╭─ DATASET RECORDS
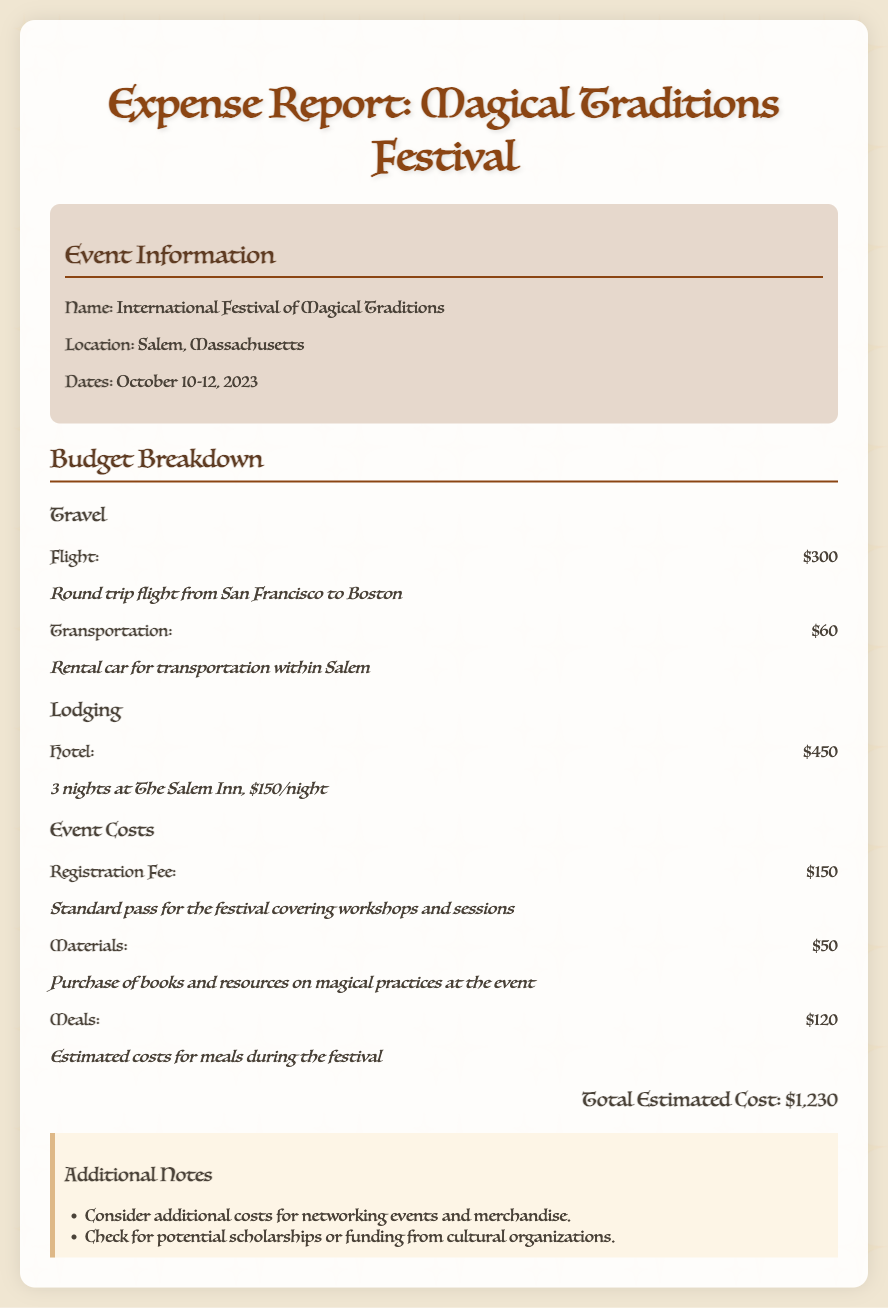What is the name of the event? The document specifies the name of the event as "International Festival of Magical Traditions."
Answer: International Festival of Magical Traditions Where is the festival located? The document provides the location as "Salem, Massachusetts."
Answer: Salem, Massachusetts What are the dates of the festival? The festival dates are detailed in the document as October 10-12, 2023.
Answer: October 10-12, 2023 What is the total estimated cost? The total estimated cost is calculated and presented as $1,230 in the document.
Answer: $1,230 How much is the flight cost? The document mentions the flight cost as $300.
Answer: $300 What is the lodging cost for 3 nights? The document lists the hotel cost as $450 for three nights at the Salem Inn.
Answer: $450 What is the registration fee for the festival? The registration fee is noted in the document as $150.
Answer: $150 What is the estimated cost for meals? The document indicates that the estimated cost for meals is $120.
Answer: $120 What type of transportation is mentioned in the budget? The budget includes a rental car for transportation within Salem.
Answer: Rental car 
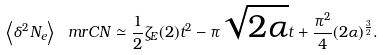<formula> <loc_0><loc_0><loc_500><loc_500>\left \langle \delta ^ { 2 } N _ { e } \right \rangle _ { \ } m r { C N } \simeq \frac { 1 } { 2 } \zeta _ { E } ( 2 ) t ^ { 2 } - \pi \sqrt { 2 \alpha } t + \frac { \pi ^ { 2 } } { 4 } ( 2 \alpha ) ^ { \frac { 3 } { 2 } } .</formula> 
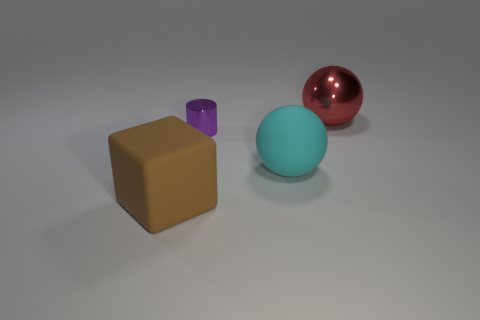Add 4 cyan rubber objects. How many objects exist? 8 Subtract all blocks. How many objects are left? 3 Add 2 large metallic balls. How many large metallic balls exist? 3 Subtract 0 green spheres. How many objects are left? 4 Subtract all large spheres. Subtract all small cylinders. How many objects are left? 1 Add 3 large things. How many large things are left? 6 
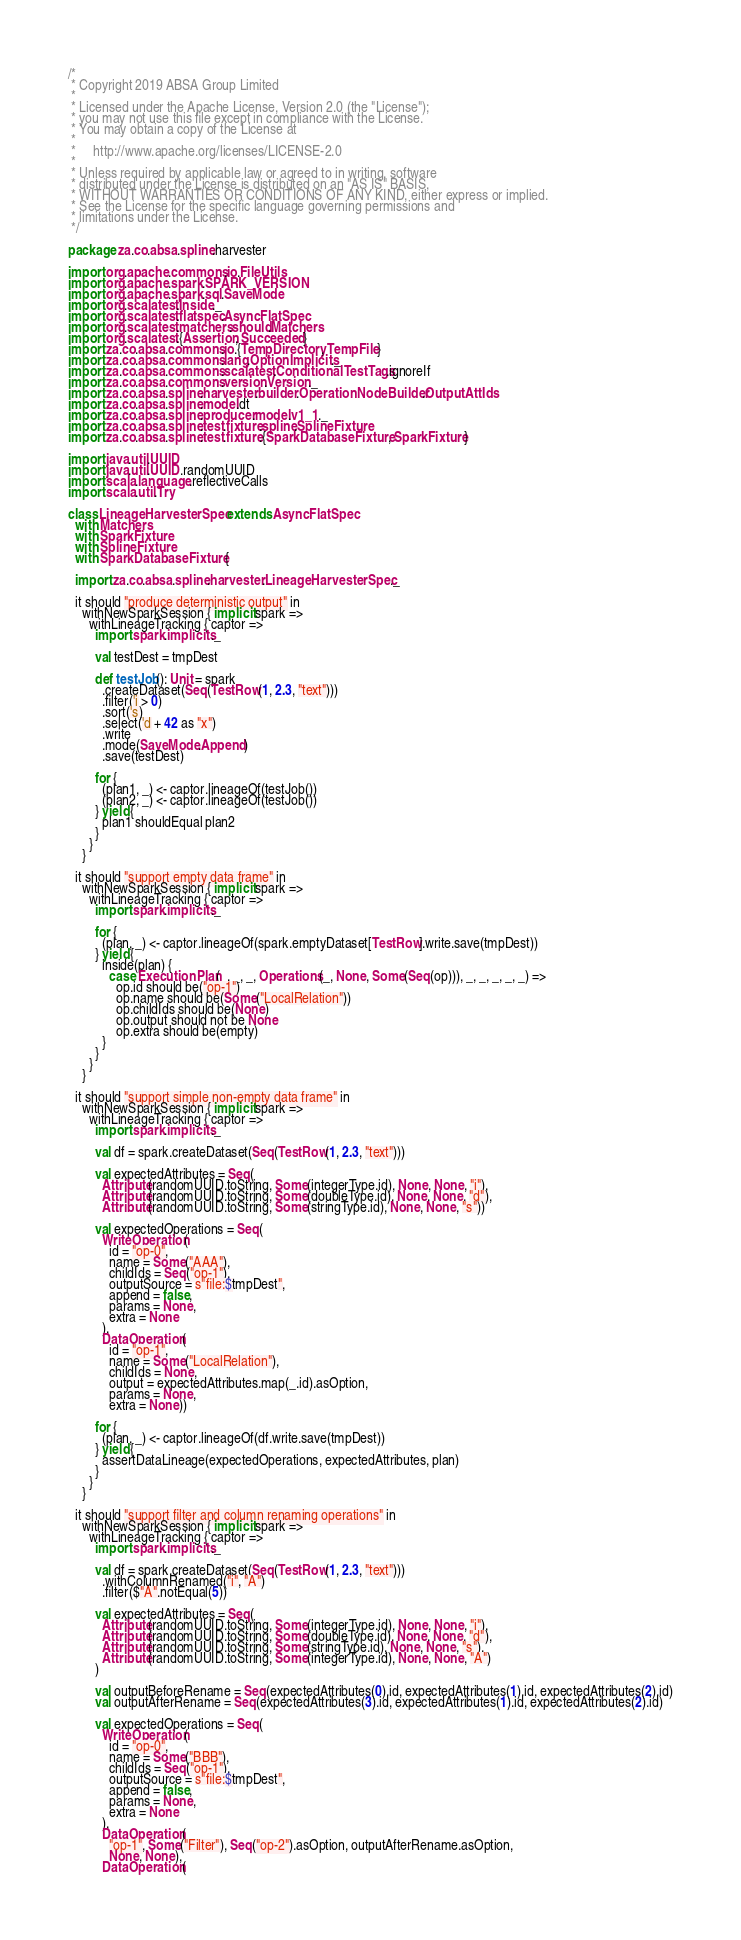<code> <loc_0><loc_0><loc_500><loc_500><_Scala_>/*
 * Copyright 2019 ABSA Group Limited
 *
 * Licensed under the Apache License, Version 2.0 (the "License");
 * you may not use this file except in compliance with the License.
 * You may obtain a copy of the License at
 *
 *     http://www.apache.org/licenses/LICENSE-2.0
 *
 * Unless required by applicable law or agreed to in writing, software
 * distributed under the License is distributed on an "AS IS" BASIS,
 * WITHOUT WARRANTIES OR CONDITIONS OF ANY KIND, either express or implied.
 * See the License for the specific language governing permissions and
 * limitations under the License.
 */

package za.co.absa.spline.harvester

import org.apache.commons.io.FileUtils
import org.apache.spark.SPARK_VERSION
import org.apache.spark.sql.SaveMode
import org.scalatest.Inside._
import org.scalatest.flatspec.AsyncFlatSpec
import org.scalatest.matchers.should.Matchers
import org.scalatest.{Assertion, Succeeded}
import za.co.absa.commons.io.{TempDirectory, TempFile}
import za.co.absa.commons.lang.OptionImplicits._
import za.co.absa.commons.scalatest.ConditionalTestTags.ignoreIf
import za.co.absa.commons.version.Version._
import za.co.absa.spline.harvester.builder.OperationNodeBuilder.OutputAttIds
import za.co.absa.spline.model.dt
import za.co.absa.spline.producer.model.v1_1._
import za.co.absa.spline.test.fixture.spline.SplineFixture
import za.co.absa.spline.test.fixture.{SparkDatabaseFixture, SparkFixture}

import java.util.UUID
import java.util.UUID.randomUUID
import scala.language.reflectiveCalls
import scala.util.Try

class LineageHarvesterSpec extends AsyncFlatSpec
  with Matchers
  with SparkFixture
  with SplineFixture
  with SparkDatabaseFixture {

  import za.co.absa.spline.harvester.LineageHarvesterSpec._

  it should "produce deterministic output" in
    withNewSparkSession { implicit spark =>
      withLineageTracking { captor =>
        import spark.implicits._

        val testDest = tmpDest

        def testJob(): Unit = spark
          .createDataset(Seq(TestRow(1, 2.3, "text")))
          .filter('i > 0)
          .sort('s)
          .select('d + 42 as "x")
          .write
          .mode(SaveMode.Append)
          .save(testDest)

        for {
          (plan1, _) <- captor.lineageOf(testJob())
          (plan2, _) <- captor.lineageOf(testJob())
        } yield {
          plan1 shouldEqual plan2
        }
      }
    }

  it should "support empty data frame" in
    withNewSparkSession { implicit spark =>
      withLineageTracking { captor =>
        import spark.implicits._

        for {
          (plan, _) <- captor.lineageOf(spark.emptyDataset[TestRow].write.save(tmpDest))
        } yield {
          inside(plan) {
            case ExecutionPlan(_, _, _, Operations(_, None, Some(Seq(op))), _, _, _, _, _) =>
              op.id should be("op-1")
              op.name should be(Some("LocalRelation"))
              op.childIds should be(None)
              op.output should not be None
              op.extra should be(empty)
          }
        }
      }
    }

  it should "support simple non-empty data frame" in
    withNewSparkSession { implicit spark =>
      withLineageTracking { captor =>
        import spark.implicits._

        val df = spark.createDataset(Seq(TestRow(1, 2.3, "text")))

        val expectedAttributes = Seq(
          Attribute(randomUUID.toString, Some(integerType.id), None, None, "i"),
          Attribute(randomUUID.toString, Some(doubleType.id), None, None, "d"),
          Attribute(randomUUID.toString, Some(stringType.id), None, None, "s"))

        val expectedOperations = Seq(
          WriteOperation(
            id = "op-0",
            name = Some("AAA"),
            childIds = Seq("op-1"),
            outputSource = s"file:$tmpDest",
            append = false,
            params = None,
            extra = None
          ),
          DataOperation(
            id = "op-1",
            name = Some("LocalRelation"),
            childIds = None,
            output = expectedAttributes.map(_.id).asOption,
            params = None,
            extra = None))

        for {
          (plan, _) <- captor.lineageOf(df.write.save(tmpDest))
        } yield {
          assertDataLineage(expectedOperations, expectedAttributes, plan)
        }
      }
    }

  it should "support filter and column renaming operations" in
    withNewSparkSession { implicit spark =>
      withLineageTracking { captor =>
        import spark.implicits._

        val df = spark.createDataset(Seq(TestRow(1, 2.3, "text")))
          .withColumnRenamed("i", "A")
          .filter($"A".notEqual(5))

        val expectedAttributes = Seq(
          Attribute(randomUUID.toString, Some(integerType.id), None, None, "i"),
          Attribute(randomUUID.toString, Some(doubleType.id), None, None, "d"),
          Attribute(randomUUID.toString, Some(stringType.id), None, None, "s"),
          Attribute(randomUUID.toString, Some(integerType.id), None, None, "A")
        )

        val outputBeforeRename = Seq(expectedAttributes(0).id, expectedAttributes(1).id, expectedAttributes(2).id)
        val outputAfterRename = Seq(expectedAttributes(3).id, expectedAttributes(1).id, expectedAttributes(2).id)

        val expectedOperations = Seq(
          WriteOperation(
            id = "op-0",
            name = Some("BBB"),
            childIds = Seq("op-1"),
            outputSource = s"file:$tmpDest",
            append = false,
            params = None,
            extra = None
          ),
          DataOperation(
            "op-1", Some("Filter"), Seq("op-2").asOption, outputAfterRename.asOption,
            None, None),
          DataOperation(</code> 
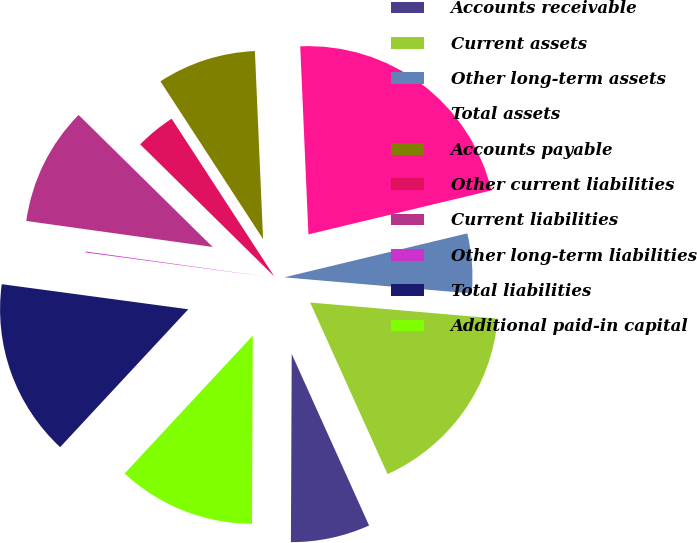Convert chart to OTSL. <chart><loc_0><loc_0><loc_500><loc_500><pie_chart><fcel>Accounts receivable<fcel>Current assets<fcel>Other long-term assets<fcel>Total assets<fcel>Accounts payable<fcel>Other current liabilities<fcel>Current liabilities<fcel>Other long-term liabilities<fcel>Total liabilities<fcel>Additional paid-in capital<nl><fcel>6.81%<fcel>16.89%<fcel>5.12%<fcel>21.94%<fcel>8.49%<fcel>3.44%<fcel>10.17%<fcel>0.08%<fcel>15.21%<fcel>11.85%<nl></chart> 
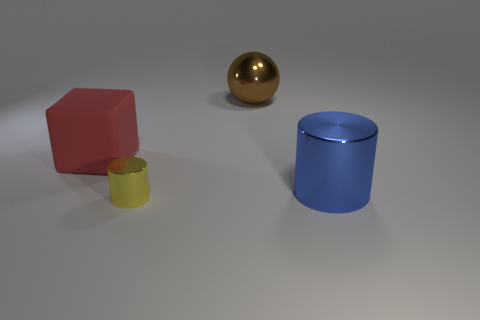Subtract all purple blocks. Subtract all blue cylinders. How many blocks are left? 1 Add 2 tiny yellow metal objects. How many objects exist? 6 Subtract all blocks. How many objects are left? 3 Add 3 big shiny objects. How many big shiny objects are left? 5 Add 1 brown cubes. How many brown cubes exist? 1 Subtract 1 brown balls. How many objects are left? 3 Subtract all yellow cylinders. Subtract all red matte blocks. How many objects are left? 2
╰─
• ASSIGNMENT
From the first line to the last, set down the records exactly, leaving out images.

• WRITTEN RESPONSE
What is the name of the event? The document specifies the name of the event as "International Festival of Magical Traditions."
Answer: International Festival of Magical Traditions Where is the festival located? The document provides the location as "Salem, Massachusetts."
Answer: Salem, Massachusetts What are the dates of the festival? The festival dates are detailed in the document as October 10-12, 2023.
Answer: October 10-12, 2023 What is the total estimated cost? The total estimated cost is calculated and presented as $1,230 in the document.
Answer: $1,230 How much is the flight cost? The document mentions the flight cost as $300.
Answer: $300 What is the lodging cost for 3 nights? The document lists the hotel cost as $450 for three nights at the Salem Inn.
Answer: $450 What is the registration fee for the festival? The registration fee is noted in the document as $150.
Answer: $150 What is the estimated cost for meals? The document indicates that the estimated cost for meals is $120.
Answer: $120 What type of transportation is mentioned in the budget? The budget includes a rental car for transportation within Salem.
Answer: Rental car 
<formula> <loc_0><loc_0><loc_500><loc_500>\left \langle \delta ^ { 2 } N _ { e } \right \rangle _ { \ } m r { C N } \simeq \frac { 1 } { 2 } \zeta _ { E } ( 2 ) t ^ { 2 } - \pi \sqrt { 2 \alpha } t + \frac { \pi ^ { 2 } } { 4 } ( 2 \alpha ) ^ { \frac { 3 } { 2 } } .</formula> 
Add 4 cyan rubber objects. How many objects exist? 8 Subtract all blocks. How many objects are left? 3 Add 2 large metallic balls. How many large metallic balls exist? 3 Subtract 0 green spheres. How many objects are left? 4 Subtract all large spheres. Subtract all small cylinders. How many objects are left? 1 Add 3 large things. How many large things are left? 6 
<code> <loc_0><loc_0><loc_500><loc_500><_Scala_>/*
 * Copyright 2019 ABSA Group Limited
 *
 * Licensed under the Apache License, Version 2.0 (the "License");
 * you may not use this file except in compliance with the License.
 * You may obtain a copy of the License at
 *
 *     http://www.apache.org/licenses/LICENSE-2.0
 *
 * Unless required by applicable law or agreed to in writing, software
 * distributed under the License is distributed on an "AS IS" BASIS,
 * WITHOUT WARRANTIES OR CONDITIONS OF ANY KIND, either express or implied.
 * See the License for the specific language governing permissions and
 * limitations under the License.
 */

package za.co.absa.spline.harvester

import org.apache.commons.io.FileUtils
import org.apache.spark.SPARK_VERSION
import org.apache.spark.sql.SaveMode
import org.scalatest.Inside._
import org.scalatest.flatspec.AsyncFlatSpec
import org.scalatest.matchers.should.Matchers
import org.scalatest.{Assertion, Succeeded}
import za.co.absa.commons.io.{TempDirectory, TempFile}
import za.co.absa.commons.lang.OptionImplicits._
import za.co.absa.commons.scalatest.ConditionalTestTags.ignoreIf
import za.co.absa.commons.version.Version._
import za.co.absa.spline.harvester.builder.OperationNodeBuilder.OutputAttIds
import za.co.absa.spline.model.dt
import za.co.absa.spline.producer.model.v1_1._
import za.co.absa.spline.test.fixture.spline.SplineFixture
import za.co.absa.spline.test.fixture.{SparkDatabaseFixture, SparkFixture}

import java.util.UUID
import java.util.UUID.randomUUID
import scala.language.reflectiveCalls
import scala.util.Try

class LineageHarvesterSpec extends AsyncFlatSpec
  with Matchers
  with SparkFixture
  with SplineFixture
  with SparkDatabaseFixture {

  import za.co.absa.spline.harvester.LineageHarvesterSpec._

  it should "produce deterministic output" in
    withNewSparkSession { implicit spark =>
      withLineageTracking { captor =>
        import spark.implicits._

        val testDest = tmpDest

        def testJob(): Unit = spark
          .createDataset(Seq(TestRow(1, 2.3, "text")))
          .filter('i > 0)
          .sort('s)
          .select('d + 42 as "x")
          .write
          .mode(SaveMode.Append)
          .save(testDest)

        for {
          (plan1, _) <- captor.lineageOf(testJob())
          (plan2, _) <- captor.lineageOf(testJob())
        } yield {
          plan1 shouldEqual plan2
        }
      }
    }

  it should "support empty data frame" in
    withNewSparkSession { implicit spark =>
      withLineageTracking { captor =>
        import spark.implicits._

        for {
          (plan, _) <- captor.lineageOf(spark.emptyDataset[TestRow].write.save(tmpDest))
        } yield {
          inside(plan) {
            case ExecutionPlan(_, _, _, Operations(_, None, Some(Seq(op))), _, _, _, _, _) =>
              op.id should be("op-1")
              op.name should be(Some("LocalRelation"))
              op.childIds should be(None)
              op.output should not be None
              op.extra should be(empty)
          }
        }
      }
    }

  it should "support simple non-empty data frame" in
    withNewSparkSession { implicit spark =>
      withLineageTracking { captor =>
        import spark.implicits._

        val df = spark.createDataset(Seq(TestRow(1, 2.3, "text")))

        val expectedAttributes = Seq(
          Attribute(randomUUID.toString, Some(integerType.id), None, None, "i"),
          Attribute(randomUUID.toString, Some(doubleType.id), None, None, "d"),
          Attribute(randomUUID.toString, Some(stringType.id), None, None, "s"))

        val expectedOperations = Seq(
          WriteOperation(
            id = "op-0",
            name = Some("AAA"),
            childIds = Seq("op-1"),
            outputSource = s"file:$tmpDest",
            append = false,
            params = None,
            extra = None
          ),
          DataOperation(
            id = "op-1",
            name = Some("LocalRelation"),
            childIds = None,
            output = expectedAttributes.map(_.id).asOption,
            params = None,
            extra = None))

        for {
          (plan, _) <- captor.lineageOf(df.write.save(tmpDest))
        } yield {
          assertDataLineage(expectedOperations, expectedAttributes, plan)
        }
      }
    }

  it should "support filter and column renaming operations" in
    withNewSparkSession { implicit spark =>
      withLineageTracking { captor =>
        import spark.implicits._

        val df = spark.createDataset(Seq(TestRow(1, 2.3, "text")))
          .withColumnRenamed("i", "A")
          .filter($"A".notEqual(5))

        val expectedAttributes = Seq(
          Attribute(randomUUID.toString, Some(integerType.id), None, None, "i"),
          Attribute(randomUUID.toString, Some(doubleType.id), None, None, "d"),
          Attribute(randomUUID.toString, Some(stringType.id), None, None, "s"),
          Attribute(randomUUID.toString, Some(integerType.id), None, None, "A")
        )

        val outputBeforeRename = Seq(expectedAttributes(0).id, expectedAttributes(1).id, expectedAttributes(2).id)
        val outputAfterRename = Seq(expectedAttributes(3).id, expectedAttributes(1).id, expectedAttributes(2).id)

        val expectedOperations = Seq(
          WriteOperation(
            id = "op-0",
            name = Some("BBB"),
            childIds = Seq("op-1"),
            outputSource = s"file:$tmpDest",
            append = false,
            params = None,
            extra = None
          ),
          DataOperation(
            "op-1", Some("Filter"), Seq("op-2").asOption, outputAfterRename.asOption,
            None, None),
          DataOperation(</code> 
Convert chart to OTSL. <chart><loc_0><loc_0><loc_500><loc_500><pie_chart><fcel>Accounts receivable<fcel>Current assets<fcel>Other long-term assets<fcel>Total assets<fcel>Accounts payable<fcel>Other current liabilities<fcel>Current liabilities<fcel>Other long-term liabilities<fcel>Total liabilities<fcel>Additional paid-in capital<nl><fcel>6.81%<fcel>16.89%<fcel>5.12%<fcel>21.94%<fcel>8.49%<fcel>3.44%<fcel>10.17%<fcel>0.08%<fcel>15.21%<fcel>11.85%<nl></chart> 
Subtract all purple blocks. Subtract all blue cylinders. How many blocks are left? 1 Add 2 tiny yellow metal objects. How many objects exist? 6 Subtract all blocks. How many objects are left? 3 Add 3 big shiny objects. How many big shiny objects are left? 5 Add 1 brown cubes. How many brown cubes exist? 1 Subtract 1 brown balls. How many objects are left? 3 Subtract all yellow cylinders. Subtract all red matte blocks. How many objects are left? 2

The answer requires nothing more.